Introduction
In this post, we delve into the concept of “Self-Deleting Executables,” exploring their functionality, utility, and implementation. We’ll cover various applications of this concept and provide a detailed explanation, including a proof of concept (POC). As always, I’ll walk you through how it works and provide code examples. Additionally, we’ll explore the implementation of self-deleting executables on both Win32API and Linux platforms. We’ll examine existing examples for Windows and develop our implementation for Linux/Unix systems, focusing on deleting locked files or the current running executable from disk.
Overview
Why would someone want a program to delete itself? Well, evasion and stealth are common reasons, but there’s also the consideration of operational security (OPSEC) tactics. If a program handles sensitive information and its discovery could compromise security, then self-deletion makes sense, or perhaps just an uninstallation. So, I’ve gathered information on how to enable an executable to delete itself from disk while running. However, there’s very little information available, and what does exist is obscure. but there are techniques that have been around for years, yet there’s been little discussion on this topic. Let’s begin.
Example 001
Normally it is impossible to delete an executable file whilst it is running. Just run program.exe, then try to delete the executable - it won’t work, same thing with linux/mac the executable need to be closed or when the process terminates in order to preform a deletion of the program, However there’s a work around this problem, Let’s look at this example below
// Get the path of the current executable
char szPath[MAX_PATH];
GetModuleFileName(NULL, szPath, MAX_PATH);
DeleteFile(szPath)
The code above retrieves the full path to the current executable, and then tries to delete the file whilst running. This code will fail because of this thing called memory-mapped files to load an executable image into memory.

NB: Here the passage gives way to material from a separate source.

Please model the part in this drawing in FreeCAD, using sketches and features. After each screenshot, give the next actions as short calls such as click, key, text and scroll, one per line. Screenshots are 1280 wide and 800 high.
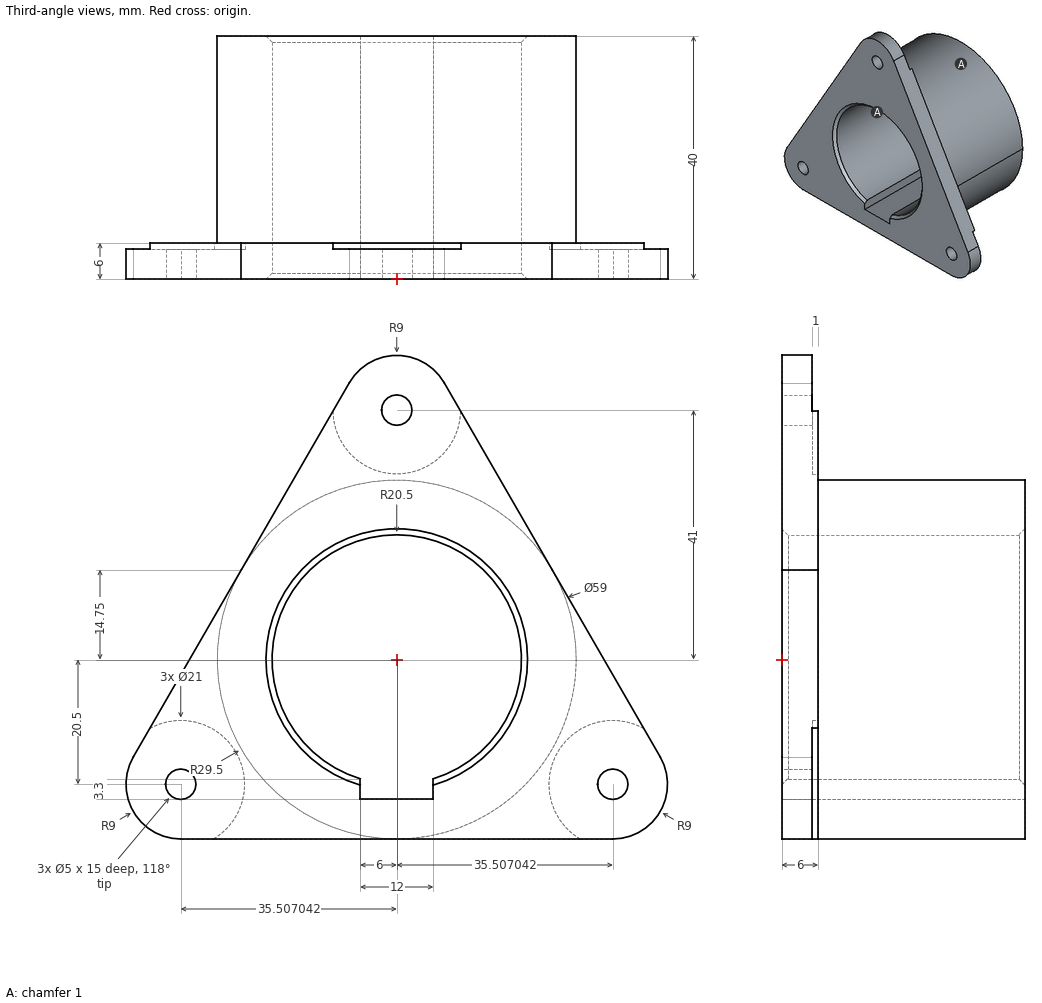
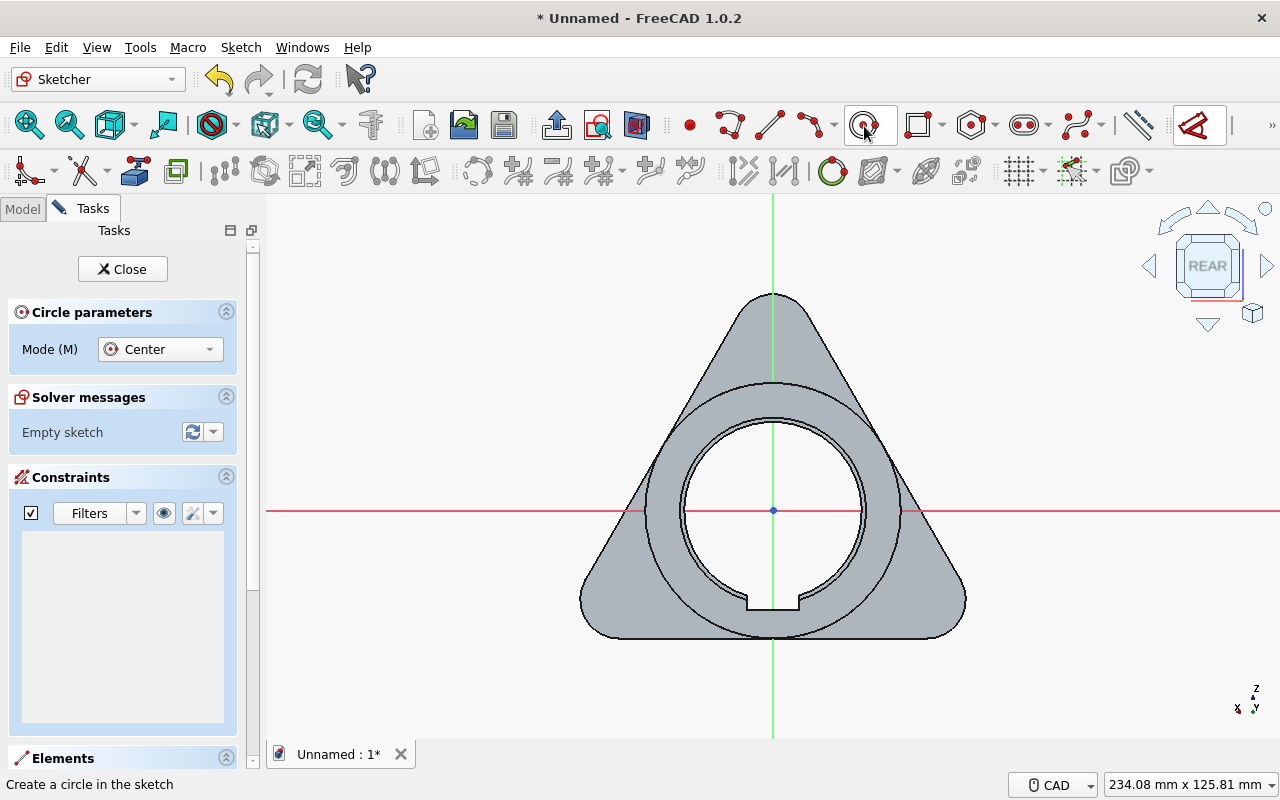
scroll(927, 600, up, 4)

When the Windows loader runs an executable, it opens the executable’s disk file and maps that region of disk into memory, effectively loading the executable into memory. This disk file is kept open during the lifetime of the process, and is only closed when the process terminates. Because of this lock on the file.
Instead of deleting the executable from within itself, we can rely on a parent process. After the executable finishes its task, it can signal the parent process to delete it. However, this approach sidesteps the idea of self-deletion.

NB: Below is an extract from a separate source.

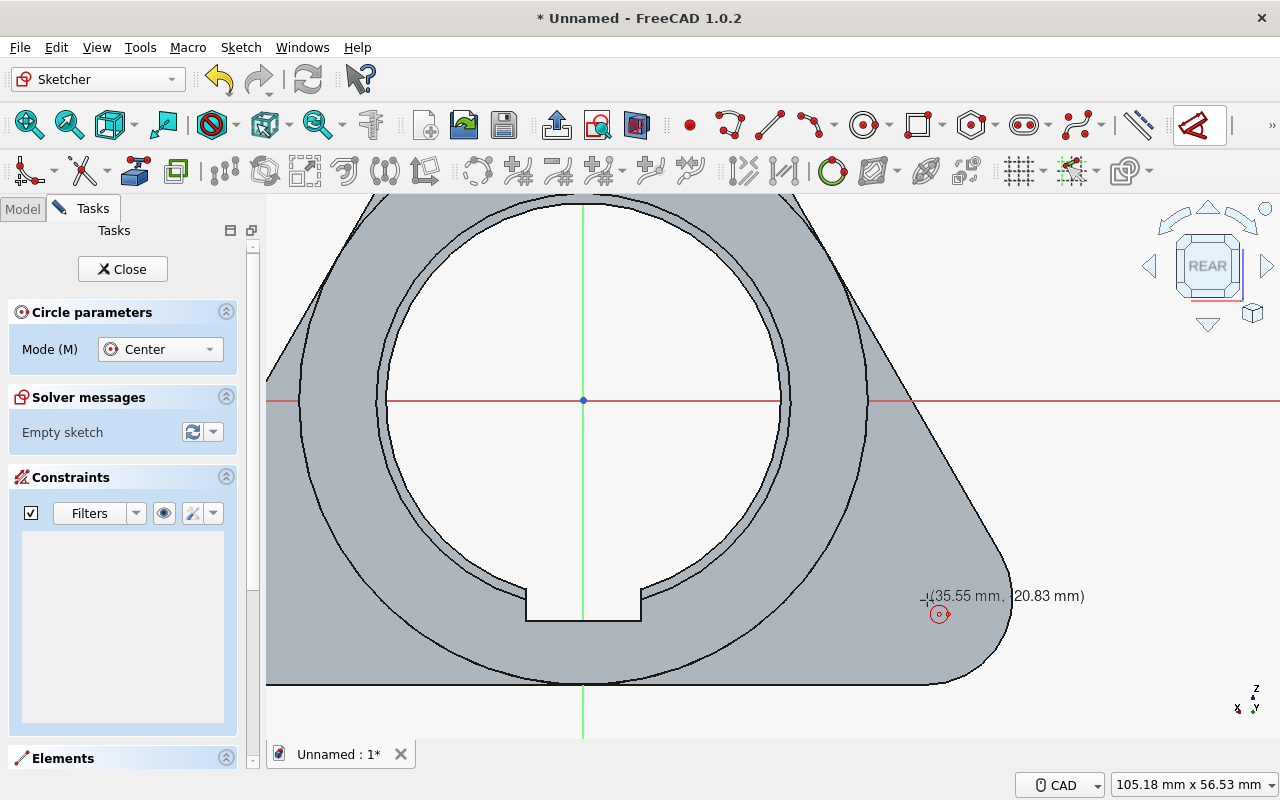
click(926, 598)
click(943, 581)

Another method involves designing a routine where the executable first terminates itself and then deletes its own file. This essentially brings us back to the initial technique, which ends with the termination of the executable process. However, implementing this requires careful coding because the program needs to handle both tasks. but it gets the job done.
int CommitSuicide(char * szCmdLine) {
HANDLE hTemp;
char szPath[MAX_PATH];
char szTemp[MAX_PATH];
static BYTE buf[1024];
STARTUPINFO si;
PROCESS_INFORMATION pi;
UINT ret;
//open a temporary file
GetTempPath(MAX_PATH, szTemp);
lstrcat(szTemp, "suicide.exe");
GetModuleFileName(0, szPath, MAX_PATH);
CopyFile(szPath, szTemp, FALSE);
hTemp = CreateFile(szTemp, GENERIC_READ, FILE_SHARE_READ | FILE_SHARE_DELETE, 0,
OPEN_EXISTING, FILE_FLAG_DELETE_ON_CLOSE, 0);
//Create a process using the temporary executable. This will cause
//the file's handle count to increase, so we can close it.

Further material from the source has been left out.